I do not have any main concerns regarding the data quality. This is largely because it is hard to distinguish what a “normal” range is for each variable. There are also a reasonable number of outliers for a data set this size.
summary(red_wine)
## fixed acidity volatile acidity citric acid residual sugar
## Min. : 4.60 Min. :0.1200 Min. :0.000 Min. : 0.900
## 1st Qu.: 7.10 1st Qu.:0.3900 1st Qu.:0.090 1st Qu.: 1.900
## Median : 7.90 Median :0.5200 Median :0.260 Median : 2.200
## Mean : 8.32 Mean :0.5278 Mean :0.271 Mean : 2.539
## 3rd Qu.: 9.20 3rd Qu.:0.6400 3rd Qu.:0.420 3rd Qu.: 2.600
## Max. :15.90 Max. :1.5800 Max. :1.000 Max. :15.500
## chlorides free sulfur dioxide total sulfur dioxide density
## Min. :0.01200 Min. : 1.00 Min. : 6.00 Min. :0.9901
## 1st Qu.:0.07000 1st Qu.: 7.00 1st Qu.: 22.00 1st Qu.:0.9956
## Median :0.07900 Median :14.00 Median : 38.00 Median :0.9968
## Mean :0.08747 Mean :15.88 Mean : 46.47 Mean :0.9967
## 3rd Qu.:0.09000 3rd Qu.:21.00 3rd Qu.: 62.00 3rd Qu.:0.9978
## Max. :0.61100 Max. :72.00 Max. :289.00 Max. :1.0037
## pH sulphates alcohol quality
## Min. :2.740 Min. :0.3300 Min. : 8.40 Min. :3.000
## 1st Qu.:3.210 1st Qu.:0.5500 1st Qu.: 9.50 1st Qu.:5.000
## Median :3.310 Median :0.6200 Median :10.20 Median :6.000
## Mean :3.311 Mean :0.6581 Mean :10.42 Mean :5.636
## 3rd Qu.:3.400 3rd Qu.:0.7300 3rd Qu.:11.10 3rd Qu.:6.000
## Max. :4.010 Max. :2.0000 Max. :14.90 Max. :8.000
Or, for a specific variable example:
summary(`fixed acidity`)
## Min. 1st Qu. Median Mean 3rd Qu. Max.
## 4.60 7.10 7.90 8.32 9.20 15.90
The summary() function returns the minimum, first quartile, median, mean, third quartile, and maximum of the data for each variable.

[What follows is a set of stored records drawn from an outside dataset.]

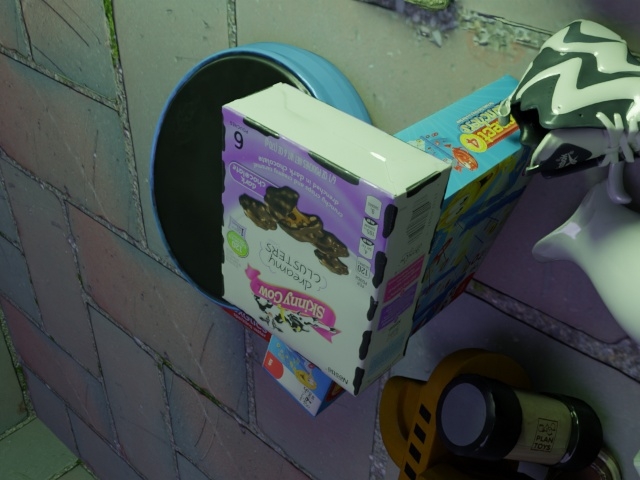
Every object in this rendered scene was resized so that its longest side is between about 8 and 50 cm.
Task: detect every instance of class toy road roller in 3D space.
[{"bbox_3d":[0.180,0.302,0.881,0.241,0.203,0.329,9,83,60],"label":"toy road roller"}]

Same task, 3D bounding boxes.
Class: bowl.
[{"bbox_3d":[-0.097,-0.083,0.975,0.391,0.077,0.390,5,99,36],"label":"bowl"}]

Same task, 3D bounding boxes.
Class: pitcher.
[{"bbox_3d":[0.335,0.013,0.660,0.207,0.126,0.177,45,126,33],"label":"pitcher"}]

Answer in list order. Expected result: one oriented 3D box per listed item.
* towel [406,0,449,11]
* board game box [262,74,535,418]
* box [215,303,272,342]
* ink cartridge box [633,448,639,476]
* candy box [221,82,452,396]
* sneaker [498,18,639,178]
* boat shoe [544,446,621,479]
[{"bbox_3d":[0.089,-0.324,0.761,0.148,0.027,0.110,33,134,30],"label":"towel"},{"bbox_3d":[0.097,0.007,0.751,0.086,0.302,0.308,41,139,21],"label":"board game box"},{"bbox_3d":[-0.071,0.071,1.118,0.257,0.123,0.128,31,133,30],"label":"box"},{"bbox_3d":[0.491,0.322,0.744,0.223,0.045,0.223,-19,101,51],"label":"ink cartridge box"},{"bbox_3d":[0.000,0.000,0.551,0.165,0.070,0.196,31,133,29],"label":"candy box"},{"bbox_3d":[0.260,-0.088,0.606,0.235,0.153,0.094,44,170,25],"label":"sneaker"},{"bbox_3d":[0.322,0.376,0.921,0.095,0.095,0.257,30,134,31],"label":"boat shoe"}]
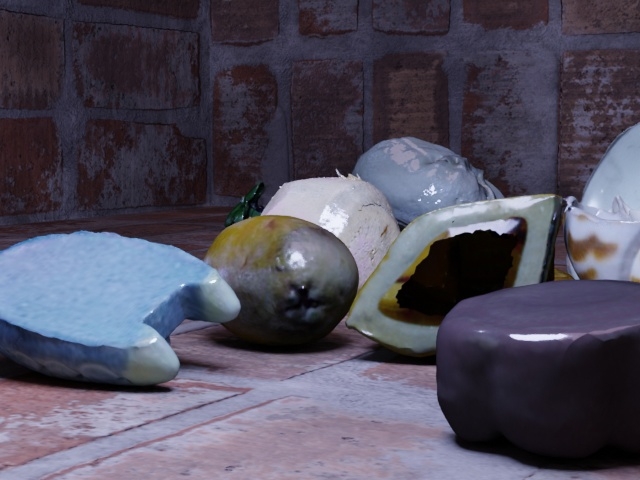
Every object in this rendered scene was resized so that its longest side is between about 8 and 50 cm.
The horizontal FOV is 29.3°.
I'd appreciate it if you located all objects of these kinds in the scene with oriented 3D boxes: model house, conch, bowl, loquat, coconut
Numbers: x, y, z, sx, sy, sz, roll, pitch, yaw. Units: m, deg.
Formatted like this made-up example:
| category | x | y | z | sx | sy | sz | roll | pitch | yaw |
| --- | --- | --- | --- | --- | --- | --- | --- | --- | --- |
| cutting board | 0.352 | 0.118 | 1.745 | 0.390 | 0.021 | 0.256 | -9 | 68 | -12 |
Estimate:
| category | x | y | z | sx | sy | sz | roll | pitch | yaw |
| --- | --- | --- | --- | --- | --- | --- | --- | --- | --- |
| model house | 0.180 | 0.048 | 1.517 | 0.268 | 0.173 | 0.239 | -7 | -3 | 14 |
| conch | 0.387 | 0.032 | 1.386 | 0.183 | 0.148 | 0.275 | -6 | 10 | -15 |
| bowl | 0.569 | -0.040 | 2.125 | 0.146 | 0.313 | 0.313 | 21 | 0 | -13 |
| loquat | -0.050 | 0.050 | 1.566 | 0.227 | 0.179 | 0.179 | 8 | 9 | 44 |
| coconut | 0.000 | 0.000 | 1.927 | 0.224 | 0.224 | 0.234 | -5 | 19 | -44 |

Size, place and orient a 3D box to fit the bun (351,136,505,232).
| category | x | y | z | sx | sy | sz | roll | pitch | yaw |
| --- | --- | --- | --- | --- | --- | --- | --- | --- | --- |
| bun | 0.236 | -0.086 | 2.490 | 0.354 | 0.194 | 0.354 | 28 | -1 | 0 |

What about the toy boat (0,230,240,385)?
| category | x | y | z | sx | sy | sz | roll | pitch | yaw |
| --- | --- | --- | --- | --- | --- | --- | --- | --- | --- |
| toy boat | -0.257 | 0.094 | 1.419 | 0.330 | 0.123 | 0.215 | 9 | 37 | 27 |

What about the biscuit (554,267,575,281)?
| category | x | y | z | sx | sy | sz | roll | pitch | yaw |
| --- | --- | --- | --- | --- | --- | --- | --- | --- | --- |
| biscuit | 0.345 | 0.063 | 2.124 | 0.203 | 0.041 | 0.260 | 1 | 7 | 19 |

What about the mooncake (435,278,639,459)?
| category | x | y | z | sx | sy | sz | roll | pitch | yaw |
| --- | --- | --- | --- | --- | --- | --- | --- | --- | --- |
| mooncake | 0.223 | 0.108 | 1.089 | 0.245 | 0.133 | 0.245 | 0 | 5 | 0 |

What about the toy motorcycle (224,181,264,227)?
| category | x | y | z | sx | sy | sz | roll | pitch | yaw |
| --- | --- | --- | --- | --- | --- | --- | --- | --- | --- |
| toy motorcycle | -0.054 | -0.010 | 2.164 | 0.275 | 0.187 | 0.125 | 2 | 5 | 9 |
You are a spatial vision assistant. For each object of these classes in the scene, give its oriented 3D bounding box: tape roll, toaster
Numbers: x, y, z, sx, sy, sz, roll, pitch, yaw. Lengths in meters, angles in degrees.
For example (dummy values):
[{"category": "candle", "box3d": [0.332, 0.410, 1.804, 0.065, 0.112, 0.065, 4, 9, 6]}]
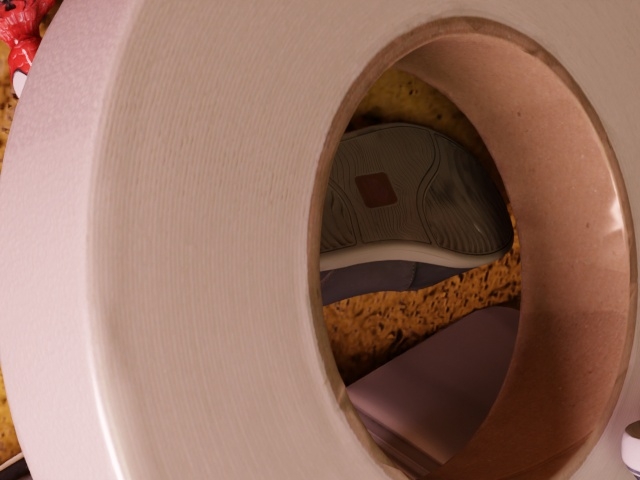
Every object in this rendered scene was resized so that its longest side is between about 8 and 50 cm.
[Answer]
[{"category": "tape roll", "box3d": [0.052, 0.012, 0.489, 0.392, 0.072, 0.392, 4, 84, -40]}, {"category": "toaster", "box3d": [0.091, 0.154, 0.666, 0.185, 0.110, 0.168, -27, 127, -32]}]

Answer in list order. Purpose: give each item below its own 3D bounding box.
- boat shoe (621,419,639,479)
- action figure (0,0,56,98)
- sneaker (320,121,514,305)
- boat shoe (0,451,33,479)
[{"category": "boat shoe", "box3d": [0.208, 0.133, 0.526, 0.183, 0.065, 0.083, 10, 92, -34]}, {"category": "action figure", "box3d": [-0.142, -0.153, 0.393, 0.091, 0.139, 0.280, -25, 127, -10]}, {"category": "sneaker", "box3d": [0.000, 0.000, 0.589, 0.222, 0.083, 0.118, -2, 156, -44]}, {"category": "boat shoe", "box3d": [-0.241, 0.266, 0.533, 0.500, 0.187, 0.156, -37, 161, 2]}]
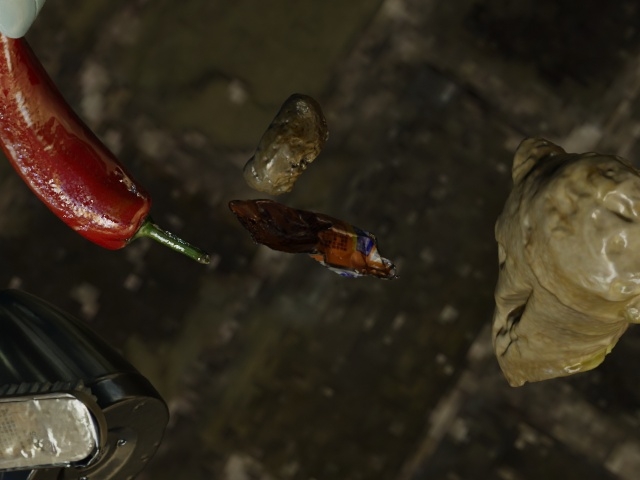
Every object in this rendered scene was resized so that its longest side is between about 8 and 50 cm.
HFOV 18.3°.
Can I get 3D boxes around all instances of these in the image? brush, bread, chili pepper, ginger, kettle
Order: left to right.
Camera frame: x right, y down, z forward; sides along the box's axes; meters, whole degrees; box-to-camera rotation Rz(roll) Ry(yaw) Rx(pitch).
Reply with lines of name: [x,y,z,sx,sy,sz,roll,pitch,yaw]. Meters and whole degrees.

You can visualize the distributions by using box plots. Please see the above examples regarding outliers. For more advanced graphics, you can also use data visualization tools found in the ggplot2 package. You may also use the histogram function. Please see the below for examples.
hist(`chlorides`)
hist(`free sulfur dioxide`)
hist(`fixed acidity`)
The distribution of fixed acidity appears to be skewed to the right.
hist(`volatile acidity`)
The distribution of volatile acidity is skewed to the right.
hist(`citric acid`)
The distribution of citric acid appears to be skewed to the right.
hist(`residual sugar`)
The distribution of residual sugar is skewed to the right.
hist(`chlorides`)
The distribution of chlorides is skewed to the right.

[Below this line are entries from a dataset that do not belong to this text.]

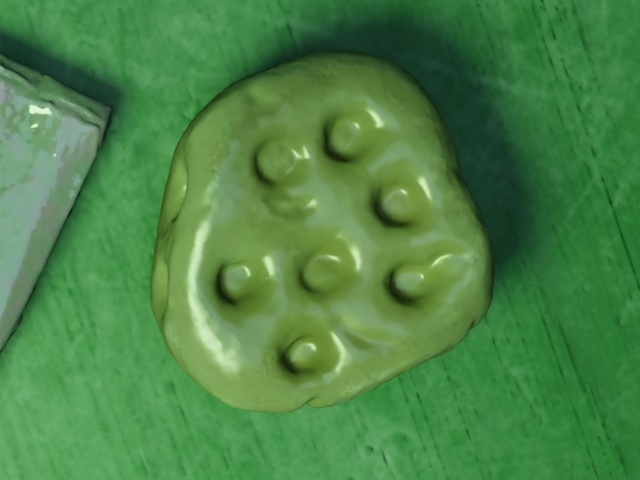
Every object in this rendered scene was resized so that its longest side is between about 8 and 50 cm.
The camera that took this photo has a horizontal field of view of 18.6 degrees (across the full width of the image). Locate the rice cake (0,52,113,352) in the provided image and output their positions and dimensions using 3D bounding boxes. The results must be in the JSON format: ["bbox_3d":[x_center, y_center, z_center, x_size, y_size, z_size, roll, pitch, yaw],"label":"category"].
[{"bbox_3d":[-0.236,0.030,1.214,0.106,0.050,0.298,26,87,-9],"label":"rice cake"}]

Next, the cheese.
[{"bbox_3d":[0.000,0.000,1.221,0.218,0.117,0.235,33,85,-11],"label":"cheese"}]
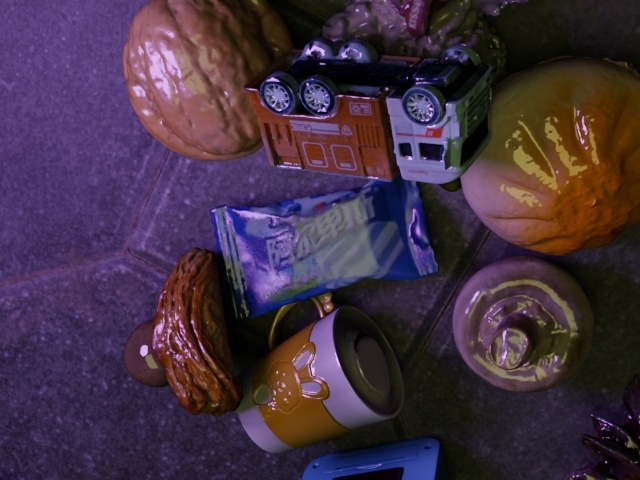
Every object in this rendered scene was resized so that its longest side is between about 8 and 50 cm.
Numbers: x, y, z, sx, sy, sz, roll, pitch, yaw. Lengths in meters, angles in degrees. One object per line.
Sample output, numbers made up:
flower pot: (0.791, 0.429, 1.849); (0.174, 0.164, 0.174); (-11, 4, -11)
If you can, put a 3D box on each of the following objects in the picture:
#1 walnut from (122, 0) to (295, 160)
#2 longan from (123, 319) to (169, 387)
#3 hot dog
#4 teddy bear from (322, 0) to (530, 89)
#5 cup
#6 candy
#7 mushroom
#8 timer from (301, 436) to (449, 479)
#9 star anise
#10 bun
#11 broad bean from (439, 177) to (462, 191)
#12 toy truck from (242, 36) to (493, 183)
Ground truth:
walnut: (-0.150, -0.235, 1.617); (0.257, 0.224, 0.257); (-1, 107, -3)
longan: (-0.263, 0.181, 1.865); (0.113, 0.092, 0.113); (0, 91, 23)
hot dog: (-0.196, 0.138, 1.757); (0.114, 0.175, 0.259); (-9, 70, -15)
teddy bear: (0.142, -0.303, 1.541); (0.357, 0.224, 0.367); (-9, 111, 37)
cup: (-0.012, 0.197, 1.791); (0.226, 0.185, 0.241); (-29, 67, 26)
candy: (0.000, 0.000, 1.741); (0.331, 0.077, 0.187); (-12, 92, 14)
mushroom: (0.287, 0.130, 1.664); (0.207, 0.215, 0.207); (3, 103, 15)
timer: (0.077, 0.414, 1.794); (0.232, 0.250, 0.091); (-12, 106, 16)
star anise: (0.496, 0.325, 1.746); (0.283, 0.129, 0.212); (-14, 113, 8)
bun: (0.339, -0.095, 1.544); (0.299, 0.164, 0.298); (-6, 131, -6)
broad bean: (0.094, -0.164, 1.639); (0.292, 0.144, 0.049); (34, 85, -2)
toy truck: (0.068, -0.158, 1.495); (0.305, 0.136, 0.162); (9, 127, 29)
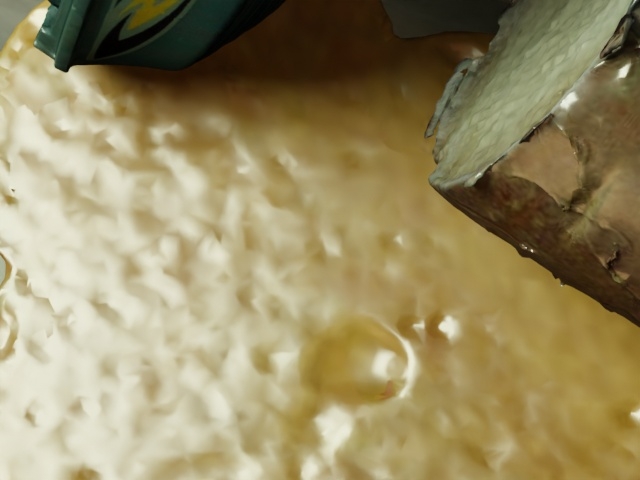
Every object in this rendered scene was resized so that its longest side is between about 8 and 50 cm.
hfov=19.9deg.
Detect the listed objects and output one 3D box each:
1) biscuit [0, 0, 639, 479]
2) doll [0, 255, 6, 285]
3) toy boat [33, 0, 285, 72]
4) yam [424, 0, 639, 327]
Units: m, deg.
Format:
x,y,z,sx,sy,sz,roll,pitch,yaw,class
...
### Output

hist(`free sulfur dioxide`)
The distribution of free sulfur dioxide is skewed to the right.
hist(`total sulfur dioxide`)
The distribution of total sulfur dioxide is skewed to the right.
hist(`density`)
The distribution of density appears to be normally distributed.
hist(`pH`)
The distribution of pH appears to be normally distributed; it is slightly skewed to the right if anything.
hist(`sulphates`)
The distribution of sulphates appear to be skewed to the right.
hist(`alcohol`)
The distribution for alcohol is skewed to the right.
hist(`quality`)
This distribution appears to be normally distributed; it is skewed to the right a little.
As you can see from the above histograms, the data set appears to be overall skewed to the right.